By Post Editorial Board
New York Post
Published Nov. 16, 2025

News that a Bronx jury awarded $50 million to a guy clipped by a city garbage truck as he was crossing the street while on his cellphone is just the latest sign of how out-of-whack New York’s liability laws are — and they’re about to get even worse unless Gov. Kathy Hochul vetoes a pack of lawsuit-boosting bills headed for her desk.

This legal regime is actually a huge affordability issue: Juries often figure the insurance company can afford to pay big, but insurers then just raise their rates so that everyone winds up covering the costs of insane payouts.

It may well be that Darcy Bottex deserves compensation for that 2021 garbage truck incident: He says it inflicted injuries that have left him unable to work ever since.

But $50 million is nuts, especially since he shares at least some blame: Gabbing on your phone as you cross a major avenue like Bruckner Boulevard is pretty foolish.

Yet the Legislature, instead of looking at reforms to cap damages in a case like this, has sent the governor several bills that encourage frivolous lawsuits and fraud.

A report from the American Tort Reform Association last year lists NYC as the nation’s 2nd-worst “judicial hellhole,” with $89 billion a year in excessive litigation costs to taxpayers and companies .

The Partnership for New York City breaks it down further: Insurance premiums in New York average 15% higher than the rest of the country; health-insurance premiums are 12% higher, auto coverage a whopping 52% higher.

Democratic state Sens.
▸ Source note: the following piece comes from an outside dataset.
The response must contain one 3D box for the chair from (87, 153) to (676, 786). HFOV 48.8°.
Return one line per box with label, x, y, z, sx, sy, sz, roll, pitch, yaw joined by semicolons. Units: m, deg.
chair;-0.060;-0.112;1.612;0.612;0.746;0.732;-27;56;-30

Jamaal Bailey, Brian Kavanagh and James Skoufis are holding a public hearing this week to “investigate” these high insurance costs, when the cause is abundantly clear: Higher risks of being sued for insane damages means higher insurance premiums across the board.

And Skoufis actually wants to make it worse: His Senate Bill S5170, would allow a plaintiff to recover damages directly from a third-party defendant, meaning people who did little or nothing wrong are at elevated risk of having to make good on someone else’s wrongdoing.

The other bills laws slated to hit Hochul’s desk before the end of the year are just as poisonous, among them:

* Bill S8186 would force foreign corporations wanting to do business in the Empire State to consent to “automatic jurisdiction,” exposing them to suits in New York courts regardless of where the key incident took place.

* The “Grieving Families Act” (vetoed by Hochul three years running) would dramatically expand liability for damages in wrongful death cases, giving plaintiffs up to three years to file a suit and widening the scope of who can sue.

* Bill A8706 would ban companies or individuals from negotiating a settlement with an injured party until 30 days after the event — giving potential suers more time to hire a lawyer, even though plenty of settlements can be sorted out without one.

The big winners if any of this becomes law will be the trial lawyers who rake in piles of cash off even the most dubious lawsuits; everybody else will pay through the nose.

Democrats keep talking about what government should do to increase “affordability,” but lawmakers increase living costs with lunacy like this.

Hochul should reject these latest gifts to skeezy lawyers, or New Yorkers will pay the price.